UNA NO KAMI: Había otra mujer que yo visitaba por
aquella misma época. Era mucho más amable y el colmo del
refinamiento. Su caligrafía, sus poemas, su manera de tocar el
koto… [26] Todo lo que hacía era perfecto. Y, sin embargo, la casa
de la celosa se había convertido en mi hogar, y yo sólo acudía a
visitar a la otra de vez en cuando y en secreto. Al morir la celosa,
mis visitas se hicieron más frecuentes, porque no podemos
pasarnos la vida llorando. Al conocerla mejor empecé a pensar que
su sensualidad era un tanto agresiva. Finalmente descubrí que era
una mujer frívola, y que yo no era su único amante. Dejadme que
os cuente en qué circunstancias tuvo lugar esta revelación.
»Una noche de luna llena abandoné la corte en compañía de
un amigo. Me dijo que quería pasar por cierta casa donde alguien
lo esperaba, y que aquella casa se hallaba precisamente en nuestro
camino. A través de las grietas y agujeros del muro pude ver la
luna, que brillaba sobre el estanque. Parecía absurdo pasar de largo
ante un lugar tan hermoso, de modo que escalé el muro tras él.

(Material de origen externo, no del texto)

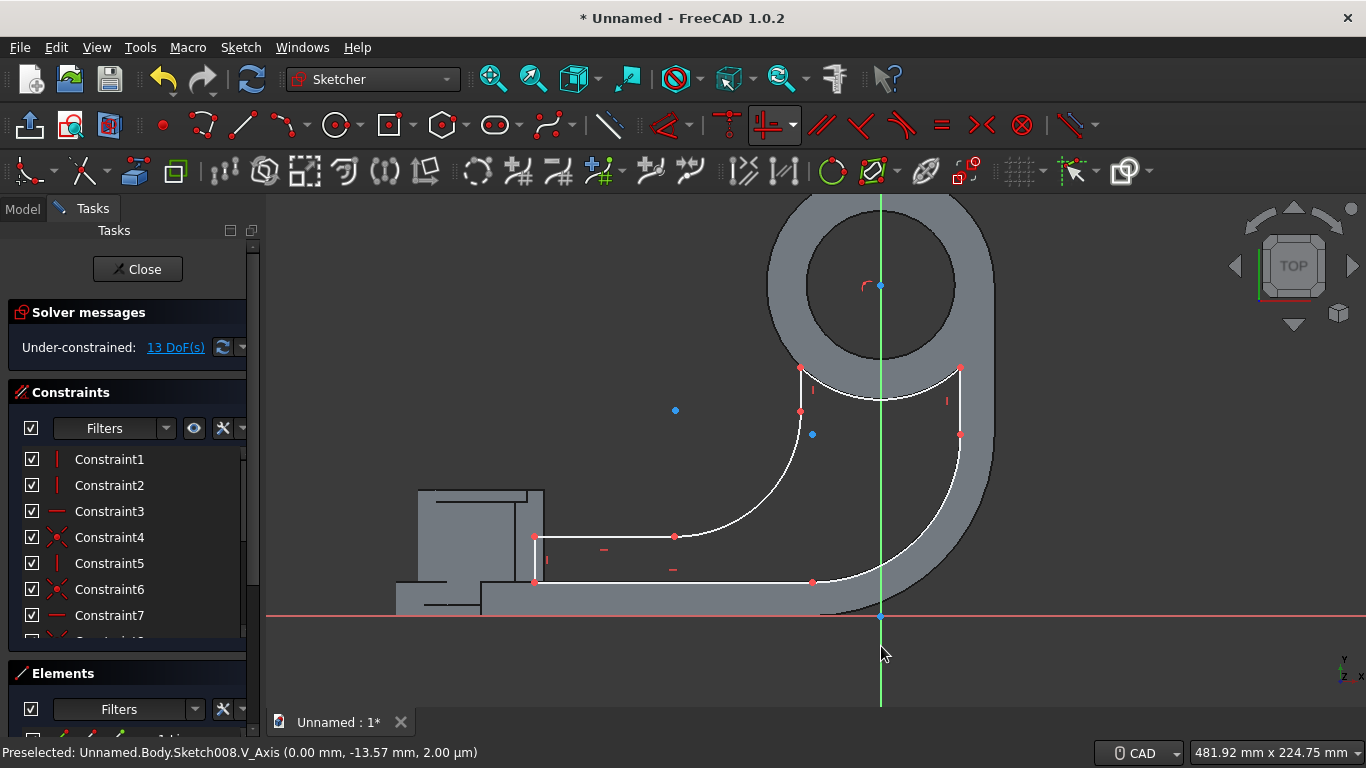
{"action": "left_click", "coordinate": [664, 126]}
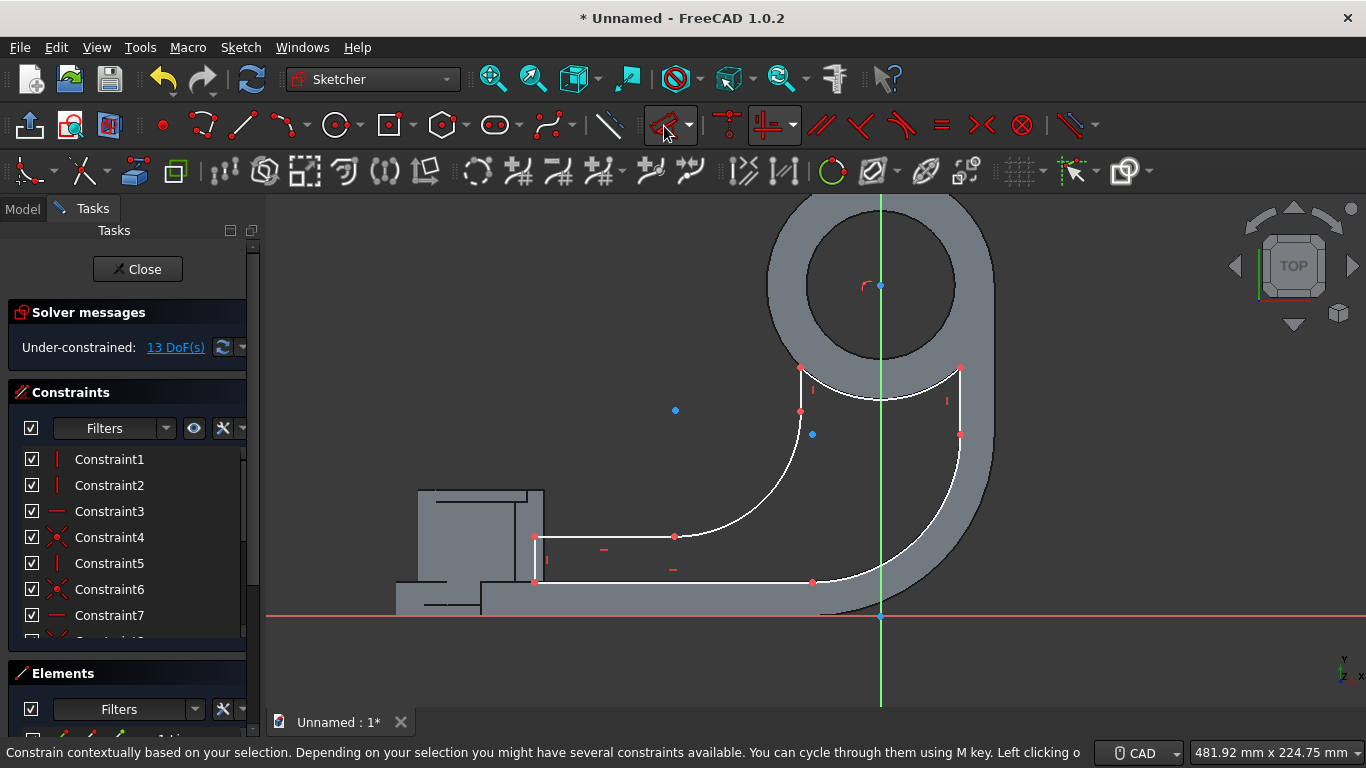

Resultaba obvio que no era su primera visita a la casa. ¡Ni la mía
tampoco! Enseguida reconocí el hogar de mi amiguita de las mil
gracias…
»Mi amigo se acercó corriendo a la terraza, se sentó al lado
de la puerta y se puso a contemplar la luna. Los crisantemos, aún
intocados por la escarcha, estaban preciosos, y las hojas
encarnadas, que la brisa otoñal mecía suavemente, eran una
maravilla. Mi amigo desenfundó su flauta, y se puso a tocar y
después a cantar «El pozo de Asuka» y otras melodías. No hube
de esperar mucho: muy pronto nos llegó el son de un koto de seis
cuerdas que acompañaba a la flauta. Parecía recién afinado y a
punto para el dúo que estaba sonando. Mi amigo se lanzó a la
ventana. Cogió un crisantemo, y lo introdujo por debajo de la
persiana, recitando:
—Me sorprende
que la música del koto, las flores
y los rayos de la luna
no hayan atraído otros pies a esta casa.
»La dama le contestó en el mismo tono de buen humor:
—Si el viento invernal ahoga
el rumor de las hojas secas,
¿tendré que borrar el son de la flauta
que acompaña los vientos?
»Ignorando que yo estaba cerca, la dama cambió el koto
japonés de seis cuerdas por el chino de trece, y empezó a tocar
arpegios. Aunque reconocía el talento de la muchacha, me sentía
rabioso. Resulta divertido intercambiar chistes y frases ingeniosas
con una dama frívola de vez en cuando, y siempre que las cosas no
vayan demasiado lejos. Pero en aquel caso las cosas habían ido
demasiado lejos, de manera que nunca más volví a visitarla.
»Esas dos historias que acabo de relatar (las más significativas
que me han sucedido hasta hoy) me han enseñado a esperar poco
del sexo opuesto. Luego mi opinión sobre las mujeres no ha hecho
sino empeorar. A vuestra tierna edad por fuerza hallaréis deliciosas
esas gotitas de rocío que se desprenden de las hierbas cuando
las tocamos o esos brillantes copitos de nieve que se funden en
la palma de la mano que los sostiene. Y, sin embargo, tarde o
temprano me daréis la razón. Haced caso, pues, de mi consejo de
experto, y os ahorraréis muchas desilusiones. Por lo que más
queráis, no os fiéis de las zalameras, porque si cedéis ante sus
caricias y halagos, acabarán por poneros en ridículo a los ojos del
mundo, y lo lamentaréis el resto de vuestras vidas.